Source material Block Start

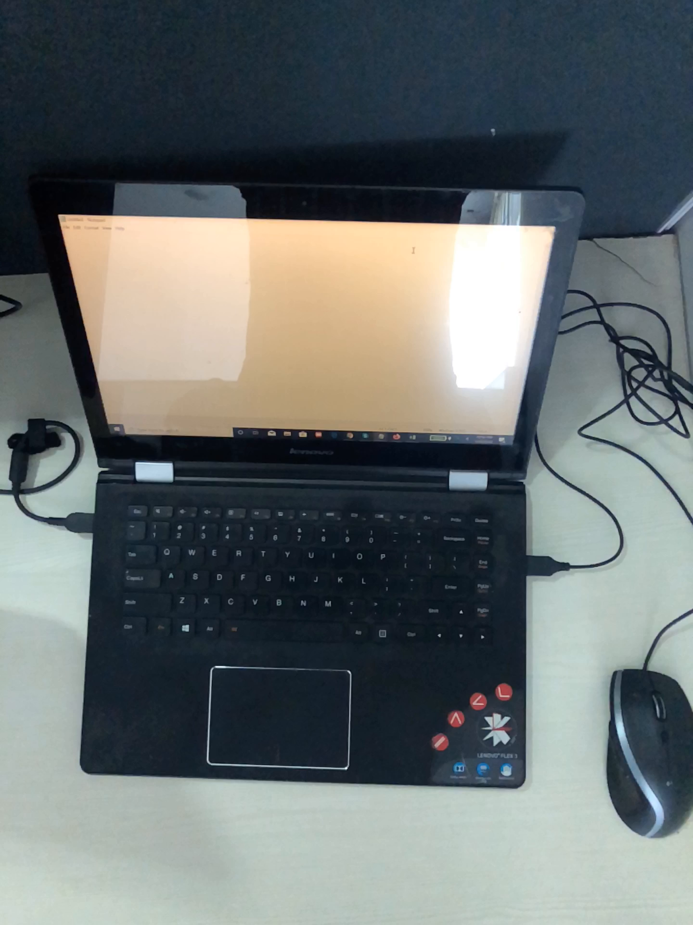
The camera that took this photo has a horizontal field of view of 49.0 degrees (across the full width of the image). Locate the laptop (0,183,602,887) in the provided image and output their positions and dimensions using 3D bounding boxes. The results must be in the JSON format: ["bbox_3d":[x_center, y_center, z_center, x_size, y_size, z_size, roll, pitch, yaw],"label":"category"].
[{"bbox_3d":[-0.029,0.037,0.515,0.334,0.171,0.385,2,82,1],"label":"laptop"}]
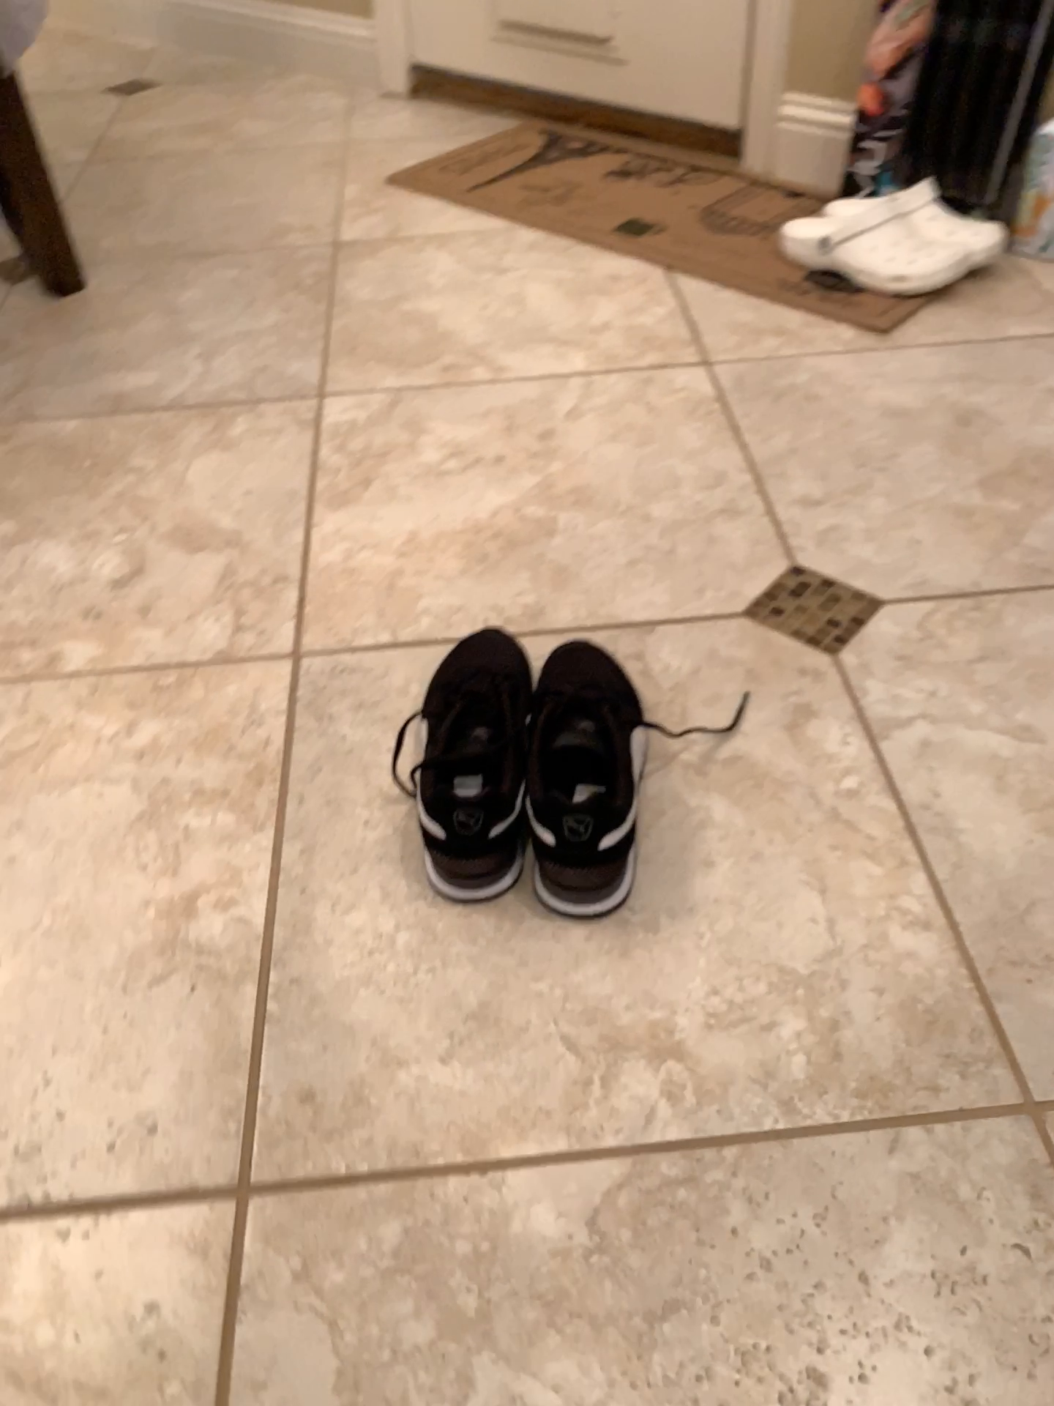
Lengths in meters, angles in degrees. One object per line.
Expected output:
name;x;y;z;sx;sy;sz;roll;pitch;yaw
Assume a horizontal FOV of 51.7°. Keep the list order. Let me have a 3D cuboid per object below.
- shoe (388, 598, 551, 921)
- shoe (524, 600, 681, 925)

Source material Block End

Give nothing but the number of lines in the entries that include "shoe".

Written solution: 2